Our Guide to Pre-Approval Access to Drugs For Both Doctors & Patients

By ALISON-BATEMAN HOUSE

In April 2016, I published guidance, in the form of a mock case study, on how to access a drug before it has been approved by the FDA—what’s known as pre-approval (or expanded or compassionate) access. This is an updated version of that guidance, reflecting multiple important changes in the pre-approval landscape over the past year. In particular, the FDA rolled out a new, streamlined form for single-patient requests, and Congress passed the 21st Century Cures Act, which, among many other things, mandated that certain pharmaceutical companies provide public information about their pre-approval access policies.

Patients (and physicians) trying to access an unapproved drug outside of a clinical trial can feel as though they’re navigating uncharted waters. Many physicians don’t know that the FDA permits the use of unapproved drugs outside of clinical trials; those who do know often have no idea how to access such drugs for their patients. Those physicians who know about pre-approval access are largely specialists in certain areas—often, oncology or rare diseases—and they are generally self-taught: they didn’t learn about pre-approval access in medical school or in their residencies. Thus, while some physicians have become very accustomed to requesting pre-approval access to drugs, the majority lacks this knowledge. In this essay, I use a fictional case to trace the process for requesting access to an unapproved drug. I hope to explode several myths about the process, especially the beliefs that the FDA is the primary decision-maker in granting access to unapproved drugs and that physicians must spend 100 hours or more completing pre-approval access paperwork.

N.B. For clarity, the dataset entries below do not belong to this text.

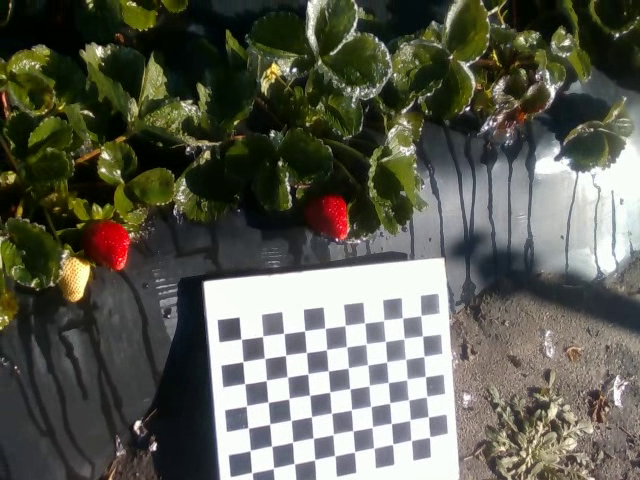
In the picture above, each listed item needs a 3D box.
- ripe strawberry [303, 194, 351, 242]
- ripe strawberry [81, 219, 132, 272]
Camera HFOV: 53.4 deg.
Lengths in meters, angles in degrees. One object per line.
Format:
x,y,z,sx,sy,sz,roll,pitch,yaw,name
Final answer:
0.015,-0.024,0.679,0.048,0.061,0.044,-13,-27,-19,ripe strawberry
-0.200,0.011,0.609,0.043,0.061,0.046,-21,-34,-18,ripe strawberry
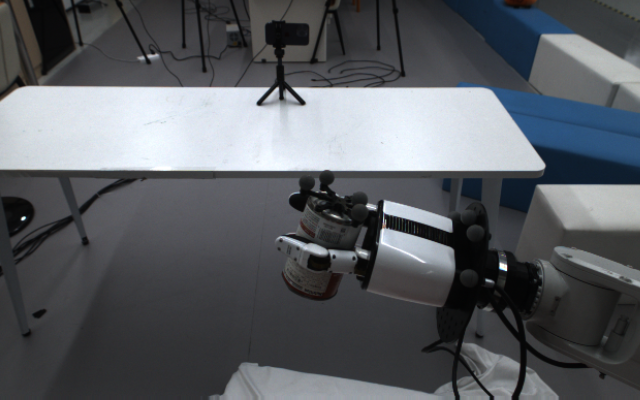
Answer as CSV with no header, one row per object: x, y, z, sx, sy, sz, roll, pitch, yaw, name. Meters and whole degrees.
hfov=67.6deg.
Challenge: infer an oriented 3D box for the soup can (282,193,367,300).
0.005,0.052,0.543,0.067,0.101,0.067,17,21,-7,soup can
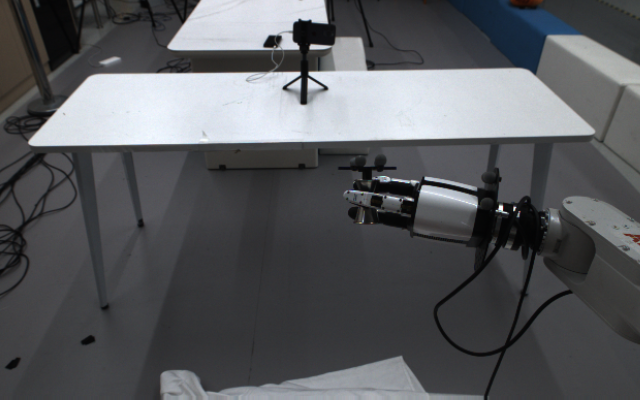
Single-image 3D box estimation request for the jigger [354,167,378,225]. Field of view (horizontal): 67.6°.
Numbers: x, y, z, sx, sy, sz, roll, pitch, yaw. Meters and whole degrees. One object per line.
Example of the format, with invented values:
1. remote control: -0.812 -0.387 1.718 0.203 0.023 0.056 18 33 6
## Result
1. jigger: 0.073 0.001 0.751 0.043 0.071 0.043 -1 2 0
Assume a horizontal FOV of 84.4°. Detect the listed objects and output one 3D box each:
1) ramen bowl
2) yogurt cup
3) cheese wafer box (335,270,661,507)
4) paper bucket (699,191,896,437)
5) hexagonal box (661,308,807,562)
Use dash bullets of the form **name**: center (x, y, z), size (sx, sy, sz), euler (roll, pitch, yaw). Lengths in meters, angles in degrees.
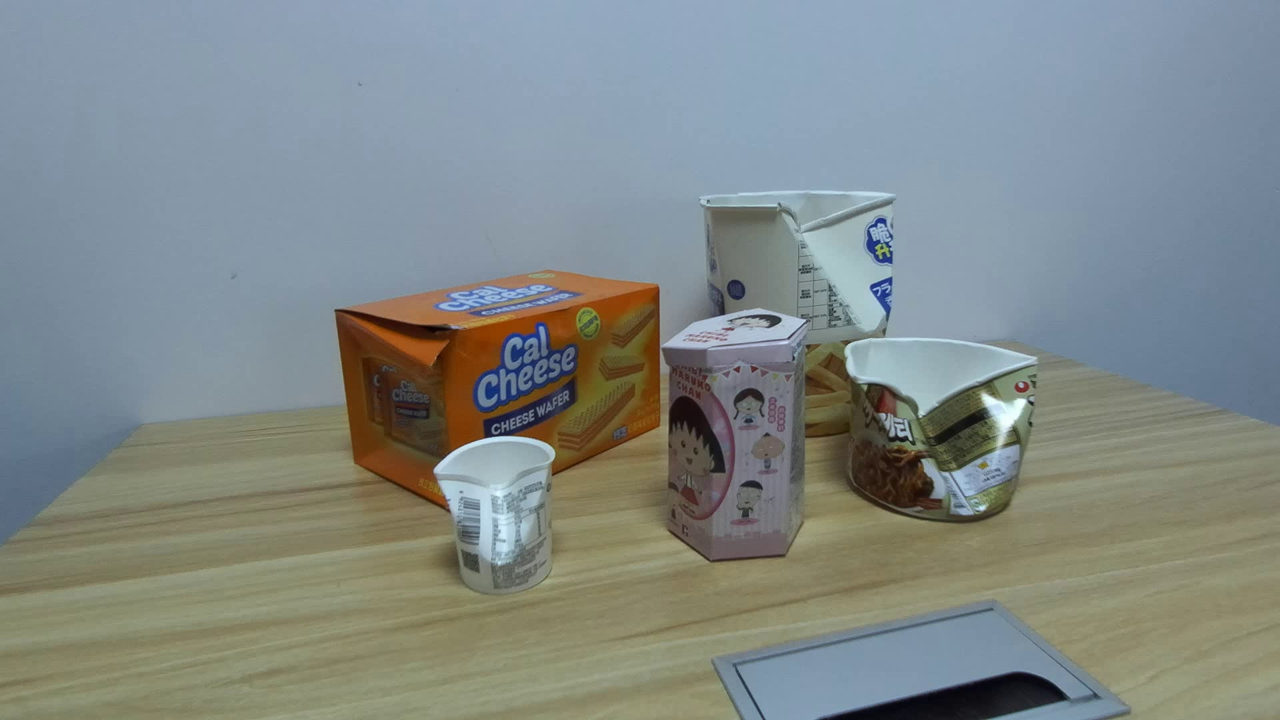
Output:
- **ramen bowl**: center (0.209, 0.043, 0.507), size (0.137, 0.098, 0.137), euler (0, 15, 0)
- **yogurt cup**: center (-0.080, 0.089, 0.412), size (0.067, 0.070, 0.067), euler (-3, 17, 1)
- **cheese wafer box**: center (-0.106, 0.008, 0.581), size (0.149, 0.137, 0.228), euler (13, 21, 39)
- **paper bucket**: center (0.136, -0.045, 0.631), size (0.168, 0.202, 0.163), euler (2, 19, 20)
- **hexagonal box**: center (0.062, 0.043, 0.439), size (0.085, 0.135, 0.091), euler (-12, 20, -30)
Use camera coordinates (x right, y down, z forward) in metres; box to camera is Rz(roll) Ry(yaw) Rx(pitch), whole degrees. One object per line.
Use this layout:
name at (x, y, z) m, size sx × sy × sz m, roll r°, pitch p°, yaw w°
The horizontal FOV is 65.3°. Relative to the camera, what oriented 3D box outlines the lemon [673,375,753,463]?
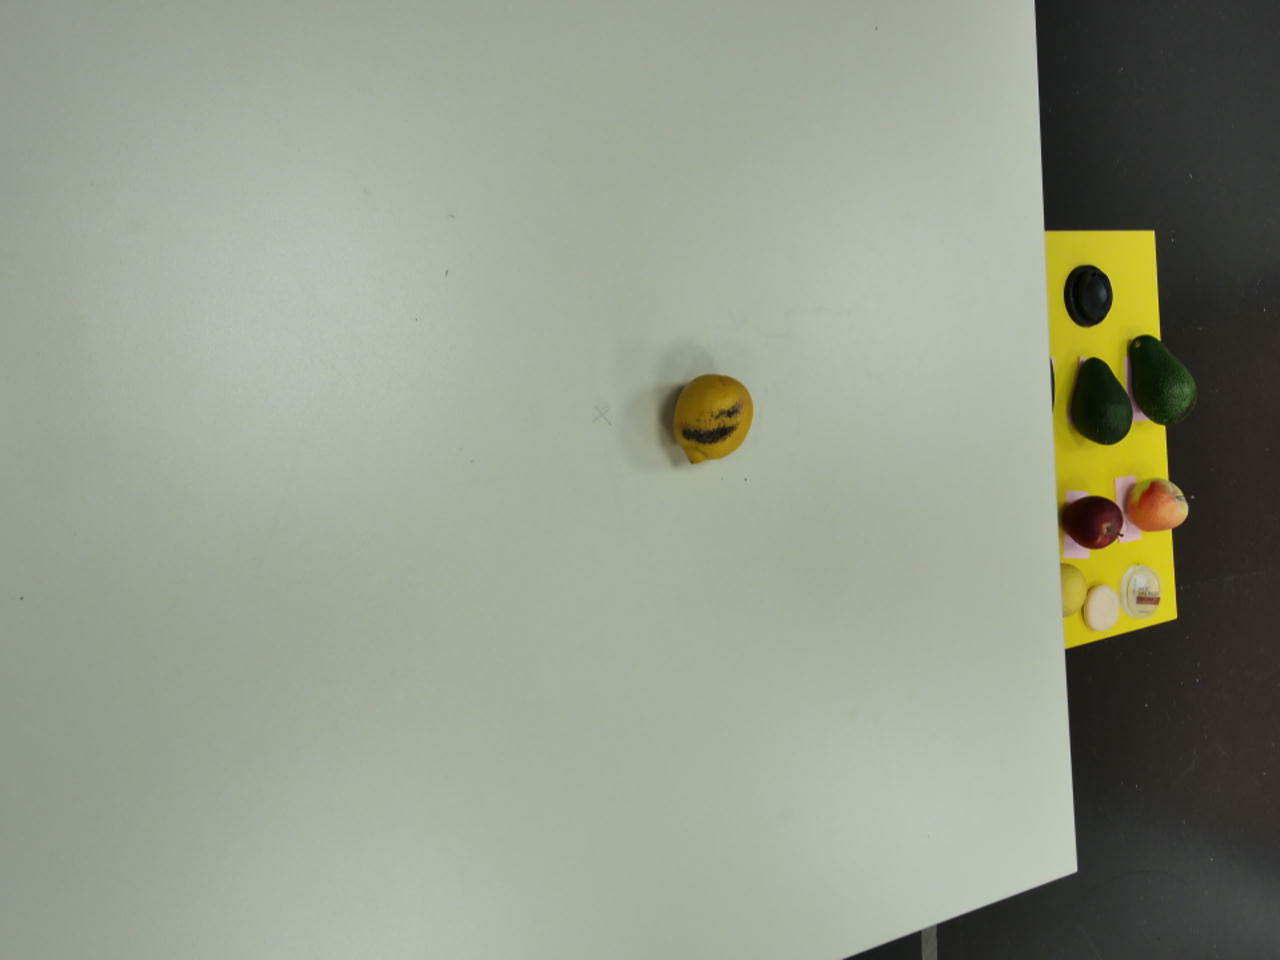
lemon at (0.052, -0.046, 0.719) m, size 0.058 × 0.056 × 0.061 m, roll -14°, pitch 97°, yaw -27°

Imagine you are a physician, and you have a pregnant patient who has tested positive for the Zika virus. She is only mildly ill, but she’s terrified that the virus, which has been linked with microcephaly and other abnormalities, will harm her unborn child. She’s so concerned that she is contemplating an abortion, even though she and her husband have been trying to have a child and were overjoyed to learn she was pregnant.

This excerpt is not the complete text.